Towards Fully Automated Motion Capture of Signs -- Development and Evaluation of a Key Word Signing Avatar
Simon Alexanderson, Jonas Beskow · 2015 · ACM Transactions on Accessible Computing (TACCESS) · doi:10.1145/2764918
Summary
This research develops a cost-effective method for capturing sign language motion to animate a signing avatar for the Tivoli project—a game-based learning environment teaching Key Word Signing (KWS) to children with communication disabilities including developmental disorders, language disorders, and autism. Unlike native sign language users, KWS users employ signing to complement spoken language, making clear isolated signs particularly important for learning. The technical challenge is that sign language requires simultaneously capturing high-fidelity motion of body, face, hands, and fingers. Traditional approaches use either expensive instrumented gloves (requiring lengthy calibration) or optical motion capture (prone to finger marker occlusion). The researchers propose a novel dual-sensor approach combining a 16-camera Optitrack system with low-cost five-sensor bend-sensing gloves. Optical markers capture the body and proximal hand joints reliably, while glove sensors estimate distal finger joints where marker occlusion is most severe. A corpus of 150 Swedish Sign Language signs was recorded from a fluent hearing signer, with each sign performed slowly (4 seconds average) for pedagogical clarity. The data was transferred to a highly stylized cartoon avatar designed to appeal to the young target audience, with special attention to hand and mouth proportions—key reference points for signing.
Key findings
The occlusion analysis revealed that marker gaps occur primarily at distal finger joints: proximal markers had gap rates of 0.03-0.58%, while distal markers and fingertips showed 1.4-12.8% gaps. Two-handed signs had more occlusion than one-handed signs. This detailed characterization of occlusion patterns—rarely reported in the literature—validates the dual-sensor approach of using optical capture where it works well and glove sensors where it does not.
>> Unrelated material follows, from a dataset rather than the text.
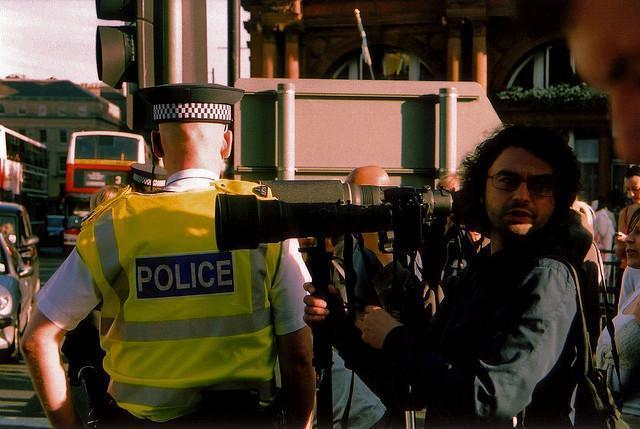How many buses are there?
Give a very brief answer. 2. How many people are there?
Give a very brief answer. 4. How many people have remotes in their hands?
Give a very brief answer. 0. 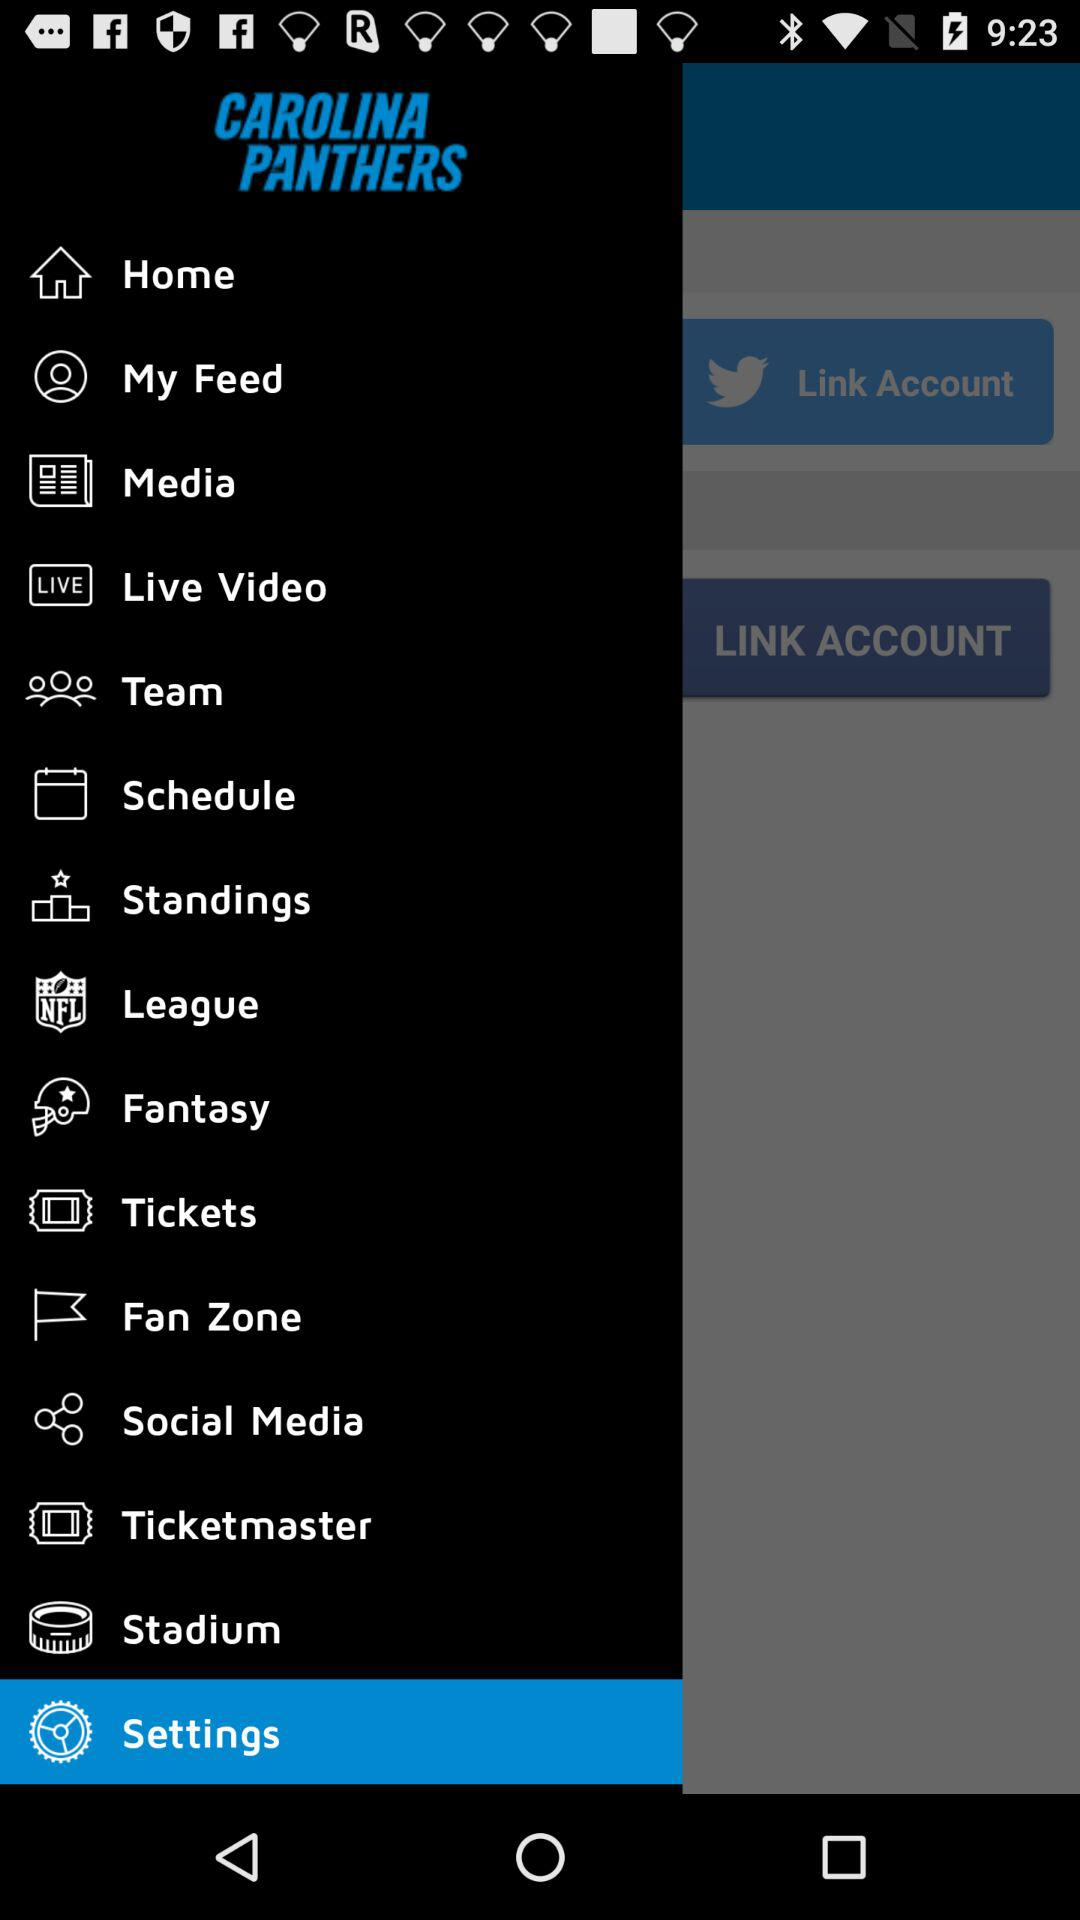What is the application name? The application name is "CAROLINA PANTHERS".

The proposed 11-marker method (using only markers least prone to occlusion, plus glove data) achieved comparable intelligibility to the full 21-marker method requiring extensive manual cleanup. In user evaluation with 25 sign-language-fluent participants (19 deaf, 6 hearing), 73% of signs were correctly identified and 14% were identified as homonyms (same hand shape but different meaning due to mouth movement). Only 13% were incorrect. There was no significant difference in accuracy or perceived clearness between the reduced and full marker conditions. Manual postprocessing for the 10-minute dataset took approximately one week—substantially less than commercial setups where hand data is often skipped entirely and animated manually afterward.
Relevance
This work addresses a practical bottleneck in signing avatar development: the prohibitive cost and labor of capturing accurate hand and finger motion. The dual-sensor approach using commodity hardware (total system cost far below specialized gloves alone) makes data-driven sign animation accessible to more projects. The finding that reduced marker sets with automatic glove calibration achieve comparable intelligibility suggests that perfect accuracy may not be necessary for many AAC applications. For practitioners developing signing avatars or sign language learning tools, the detailed occlusion analysis provides guidance on camera placement and marker configuration. The evaluation methodology—testing with both deaf and hearing sign-fluent users on isolated sign identification—offers a replicable framework for assessing animated sign quality. A key limitation noted by participants is the importance of facial expression and mouth movement in sign language; the current system captures minimal facial data, which caused the homonym confusions. Future AAC avatar work should prioritize non-manual features alongside hand motion.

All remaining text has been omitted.